The Serra da Boa Vista is a mountain located in the central interior of Ceará. It is located in the municipality of Itatira with a long-distance view and lush landscapes of the semi-arid region, thus named Serra da Boa Vista.

== Location ==
This mountain is 176 km from the capital of Ceará, Fortaleza, 17 km from the city of Itatira (headquarters) and 4 km from Lagoa do Mato, district Itatira.

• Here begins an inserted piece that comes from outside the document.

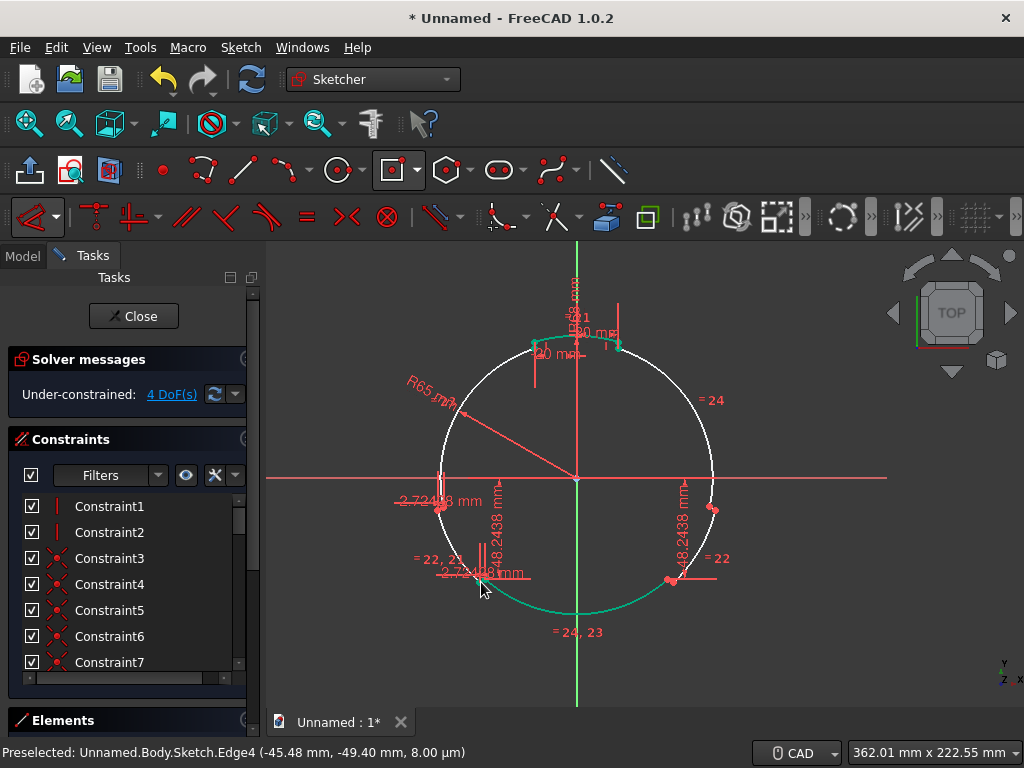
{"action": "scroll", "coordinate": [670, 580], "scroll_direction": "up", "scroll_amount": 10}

With approximately 621 m in height, 2,037 feet, prominence of 492 m and 4.5 km long, it became one of the most famous mountains in the region.

== Tourist route ==
Like many other civilizations that have always been curious about their particular means of natural and social conviviality, the people of Itatira, the itatirenses, also had some curiosity to get to the top of the mountain ranges of the area as the city of Itatira had large numbers of mountain, known also as a mountainous region in central interior of Ceará. And saw that there was a water hole, a spring, which was the main reason of the first people to climb. From generation to generation, the Serra da Boa Vista was always seen as a great place to visit and even today, young and old climb even in as a mountain sport.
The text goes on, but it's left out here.